The records are to be copied exactly and in full.

BEGIN Available records

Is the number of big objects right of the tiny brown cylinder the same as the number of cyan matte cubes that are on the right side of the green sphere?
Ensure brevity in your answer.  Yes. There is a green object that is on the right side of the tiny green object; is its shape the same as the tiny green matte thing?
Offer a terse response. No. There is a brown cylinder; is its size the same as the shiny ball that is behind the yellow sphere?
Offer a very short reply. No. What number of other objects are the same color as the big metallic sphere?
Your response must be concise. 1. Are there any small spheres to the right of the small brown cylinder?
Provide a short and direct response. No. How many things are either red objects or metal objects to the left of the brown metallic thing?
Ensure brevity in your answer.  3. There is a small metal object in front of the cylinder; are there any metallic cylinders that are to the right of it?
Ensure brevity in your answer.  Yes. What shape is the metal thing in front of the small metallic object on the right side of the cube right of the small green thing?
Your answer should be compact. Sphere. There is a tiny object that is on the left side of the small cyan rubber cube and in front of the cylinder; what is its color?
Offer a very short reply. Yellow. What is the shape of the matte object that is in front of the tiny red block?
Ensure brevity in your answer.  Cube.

END Available records

# The answer
Is the number of big objects right of the tiny brown cylinder the same as the number of cyan matte cubes that are on the right side of the green sphere?
Ensure brevity in your answer.  Yes. There is a green object that is on the right side of the tiny green object; is its shape the same as the tiny green matte thing?
Offer a terse response. No. There is a brown cylinder; is its size the same as the shiny ball that is behind the yellow sphere?
Offer a very short reply. No. What number of other objects are the same color as the big metallic sphere?
Your response must be concise. 1. Are there any small spheres to the right of the small brown cylinder?
Provide a short and direct response. No. How many things are either red objects or metal objects to the left of the brown metallic thing?
Ensure brevity in your answer.  3. There is a small metal object in front of the cylinder; are there any metallic cylinders that are to the right of it?
Ensure brevity in your answer.  Yes. What shape is the metal thing in front of the small metallic object on the right side of the cube right of the small green thing?
Your answer should be compact. Sphere. There is a tiny object that is on the left side of the small cyan rubber cube and in front of the cylinder; what is its color?
Offer a very short reply. Yellow. What is the shape of the matte object that is in front of the tiny red block?
Ensure brevity in your answer.  Cube.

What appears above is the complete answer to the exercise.